Member of the Moldovan Parliament
- In office 22 April 2009 – 23 July 2021
- Parliamentary group: Liberal Democratic Party Democratic Party Pro Moldova Party

Personal details
- Born: 13 August 1976 (age 49) Teleneşti, Moldavian SSR, Soviet Union
- Party: Pro Moldova (2020–present)

= Angel Agache =

Moldovan politician (born 1976)

Angel Agache (born 13 August 1976) is a Moldovan politician, deputy in the Parliament of the Republic of Moldova in the LDPM faction, member of the "Legal Commission, Appointments and Immunities".

==Biography==
Angel Agache was born on 13 August 1976 in the Telenești, Moldavian SSR, Soviet Union (now in the Republic of Moldova). In 1983-1993 he studied at the general school in Negureni, Telenești. In 1993, he began his studies at the Cooperatist-Trade University of Moldova, with specialization in Marketing. In the same year, he was elected as a chairman of the Students League of the Cooperatist-Trade University of Moldova. In 1996, he became the president of the Federation for Students and Youths Organizations of Moldova. In 1997, he was a member of the college of the Youth and Sports Affairs and of the Youth Council of Chișinău. In 1998, he graduated from university, having a degree in economics. In the same year, he worked as marketing and public relations manager for the Russian-American Green Hills Market S.R.L.

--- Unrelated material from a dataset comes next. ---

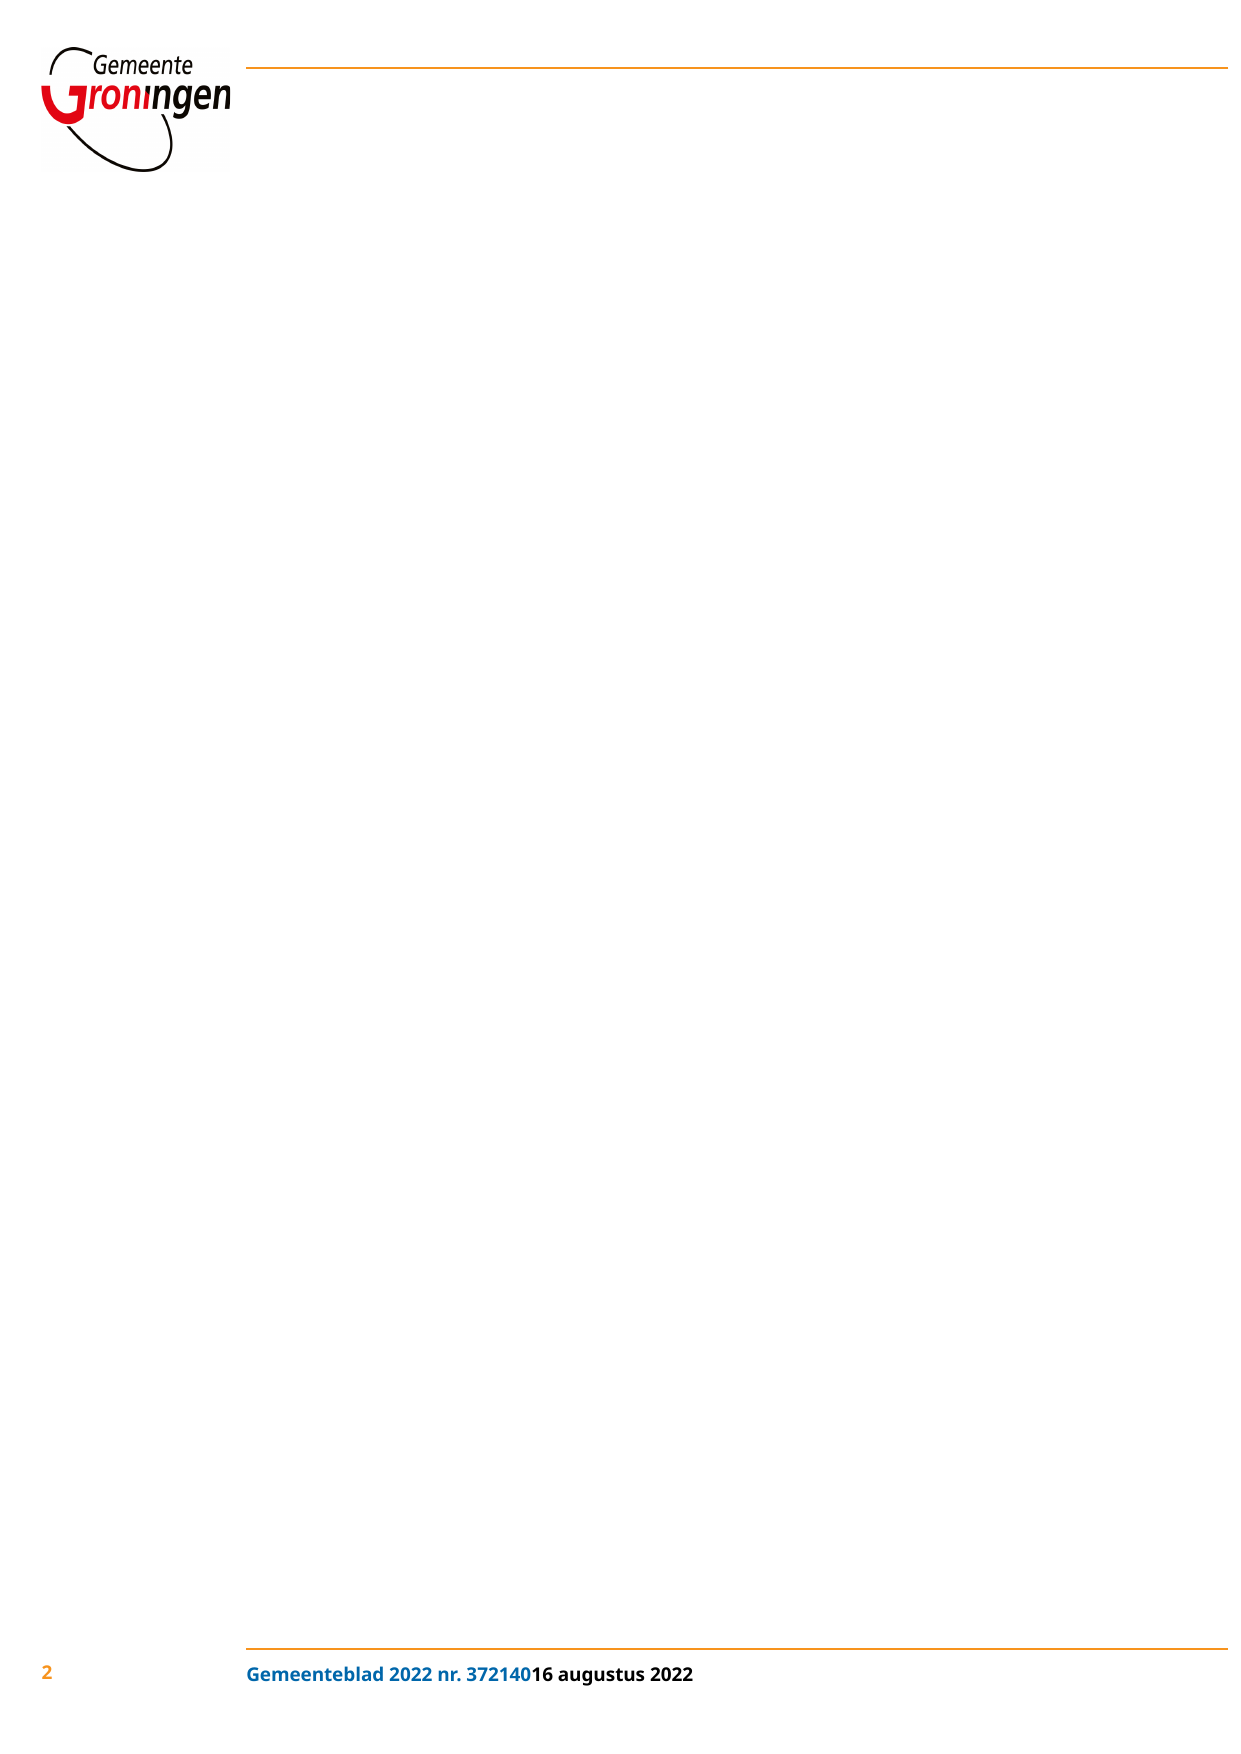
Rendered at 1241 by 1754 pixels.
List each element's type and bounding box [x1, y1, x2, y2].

picture [41, 47, 231, 172]

In 1998–2002, he defended his PhD at the Academy of Economic Studies of Moldova. From 1998 to 2004, he studied at the Academy of Law of Moldova, specializing in international public law, and after graduation got a degree in law. In parallel, in 1999 he co-chaired the Federation of Students and Youth Organizations in Moldova. In 2003, he was the chairman of the Federation of Students and Youth Organizations in Moldova. In 2004, he was the chairman of the Youth Forum "NEW MOLDOVA".

In 2004–2005, he studied at the "Ovidiu Șincai" School of Postgraduate Studies in Bucharest, specializing in political management, becoming the Master in Political Management. In 2004, he graduated from the European Institute of Political Studies, Chișinău-Strasbourg. In 2008, he was a member of the Central Permanent Bureau and of the National Political Council of LDPM.
From 2009 to 2020, he was an MP in the Parliament of the Republic of Moldova, within the faction of the Liberal Democratic Party of Moldova. However, on 9 June 2020, Agache joined the parliamentary group Pro Moldova, which became a political party on 22 June.

==Personal life==
On 11 November 2011 Angel Agache married Elena Becciev, daughter of the director, in that period, of the municipal enterprise Apă-Canal Chişinău, Constantin Becciev. The wedding took place in a luxurious hall at Moldexpo, and the religious ceremony at the Metropolitan Cathedral in Chișinău. The godfather of the two was Vasile Dragan, a millionaire in euros, who controls about 20 percent of Russia's sparkling wine market.

According to Ziarul de Gardă, on 10 April 2014, Angel Agache owned a Jeep Grand Cherokee, a Mercedes-Benz CLS, a BMWx5 and a Dacia Logan, all worth 1.2 million lei plus two suites, 42 agricultural land, 2 intravilan land and one extra-urban and forestry one. His family still owns a 100% share in the construction company Tehnodava SRL.

He has been a member of the Parliament of Moldova since 2009.